Après avoir indiqué que l’anticonformisme de Van Gogh, qu’il qualifie, à l’époque, d’auteur méconnu et aussi peu versé dans les manipulations commerciales, n’avait pas favorisé le plagiat, et que les faux réalisés de son vivant apparaissaient donc improbables, l’auteur cite les faux posthumes et le verdict des analyses scientifiques dont les résultats sont tous négatifs. Il en tire les conséquences et des conclusions fort personnelles.
La Revue Experts n° 17 – 12/1992 © Revue Experts
La légende prétend que Vincent Van Gogh n’a vendu qu’un seul tableau de son vivant. Les archives, constituées principalement des lettres envoyées à son frère Théo, nous renseignent très précisément sur certaines œuvres. L’artiste y décrit dans le détail sa vie et sa production. Mais lorsqu’il fut hébergé chez son frère à Paris en 1886, il interrompit cette correspondance. Ce vide ne facilite pas la tâche des historiens d’art. Il provoque encore de nombreuses controverses dans les attributions de cette période, bien que la description d’un tableau dans une lettre ou un inventaire ne constitue pas un certificat d’authenticité. Combien de faussaires bien renseignés ont usé de ce stratagème, en peinture comme dans le mobilier.

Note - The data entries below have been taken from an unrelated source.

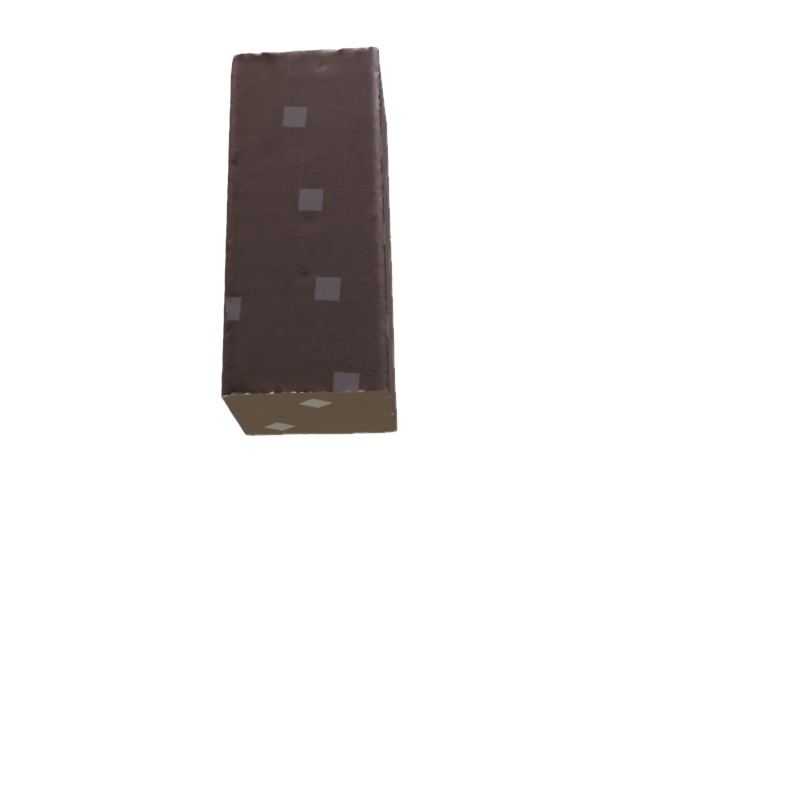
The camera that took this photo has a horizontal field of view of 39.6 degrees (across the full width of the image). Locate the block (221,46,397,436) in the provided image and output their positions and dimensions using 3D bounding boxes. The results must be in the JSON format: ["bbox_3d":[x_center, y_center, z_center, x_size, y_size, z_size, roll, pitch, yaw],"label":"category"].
[{"bbox_3d":[-0.051,-0.092,0.644,0.091,0.217,0.086,-3,-22,3],"label":"block"}]
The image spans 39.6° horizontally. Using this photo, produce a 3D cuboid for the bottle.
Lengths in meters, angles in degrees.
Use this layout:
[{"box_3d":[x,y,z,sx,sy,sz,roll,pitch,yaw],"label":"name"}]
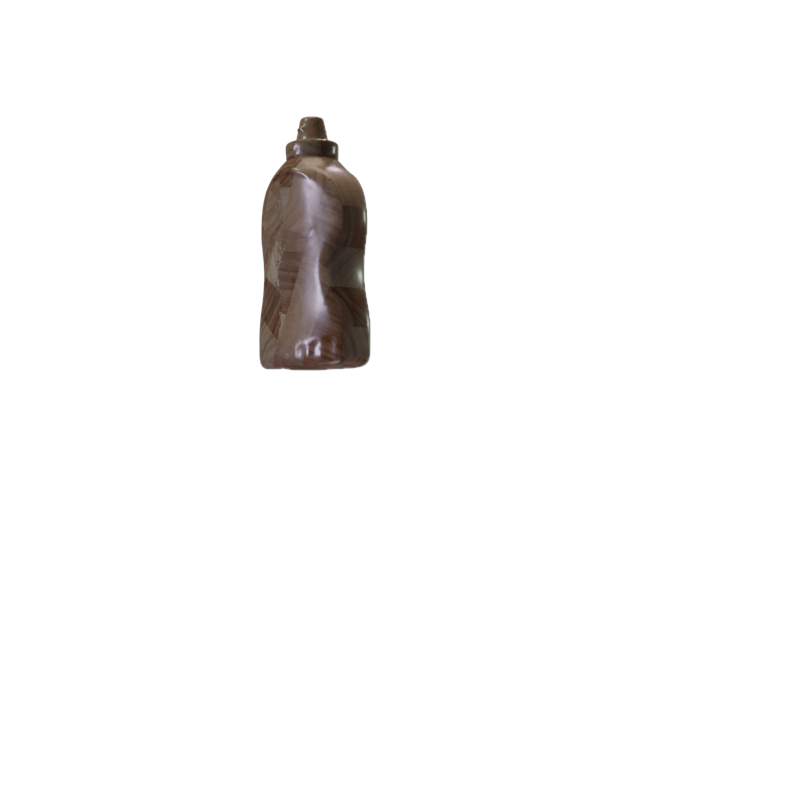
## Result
[{"box_3d":[-0.066,-0.120,0.840,0.056,0.196,0.099,7,-11,-41],"label":"bottle"}]
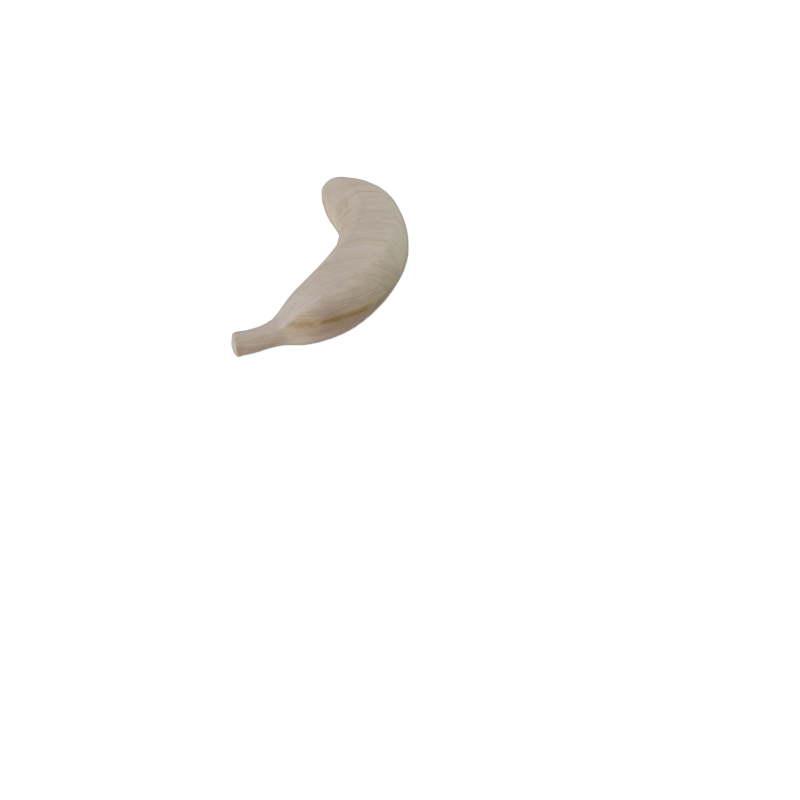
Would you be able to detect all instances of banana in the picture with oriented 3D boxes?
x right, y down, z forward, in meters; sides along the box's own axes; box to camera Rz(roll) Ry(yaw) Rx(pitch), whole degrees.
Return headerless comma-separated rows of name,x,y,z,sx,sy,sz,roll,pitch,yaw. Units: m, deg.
banana,-0.029,-0.081,0.588,0.071,0.035,0.206,5,30,9
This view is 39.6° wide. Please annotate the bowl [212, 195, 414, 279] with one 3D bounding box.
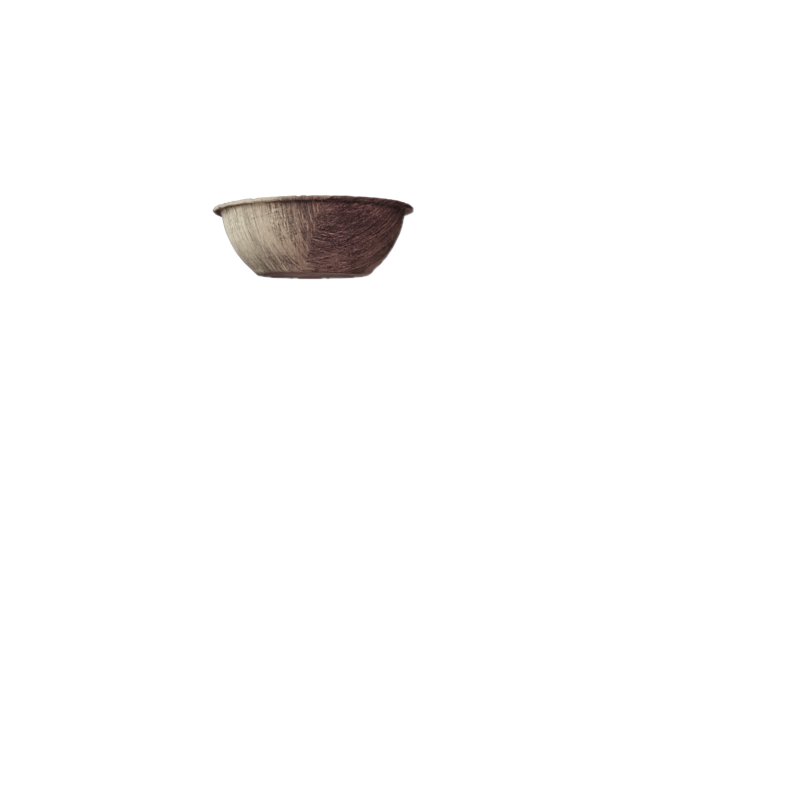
[{"bbox_3d":[-0.070,-0.127,0.890,0.162,0.055,0.162,0,2,-2],"label":"bowl"}]
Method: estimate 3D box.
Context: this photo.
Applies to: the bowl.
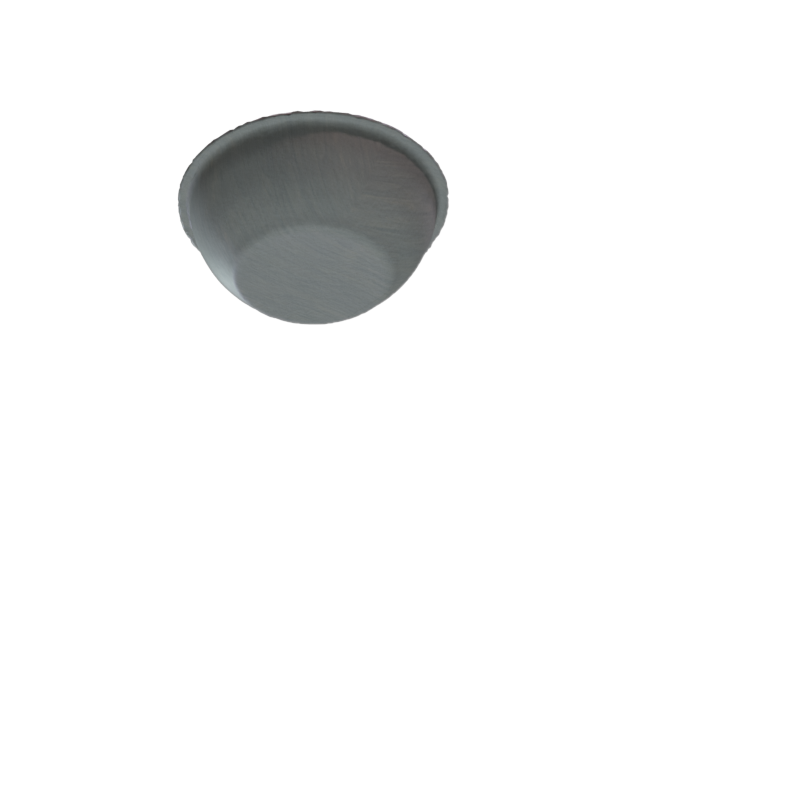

LES FAUX RÉALISÉS DU VIVANT DE L’ARTISTE
Il est peu vraisemblable qu’un faussaire se soit ingénié à copier une toile de Van Gogh qui passait plus, à l’époque, pour un illuminé que pour un génie. Qui, en effet, aurait plagié un auteur méconnu, anticonformiste, et aussi peu versé dans les manipulations commerciales ? Même si cela avait été le cas, un faussaire œuvrant du vivant de Van Gogh n’aurait pas pris le soin extrême de s’effacer. totalement devant le modèle sans commettre d’erreurs. Cela aurait requis trop de précautions fastidieuses pour réaliser un faux, le jeu n’ayant pas d’intérêt financier.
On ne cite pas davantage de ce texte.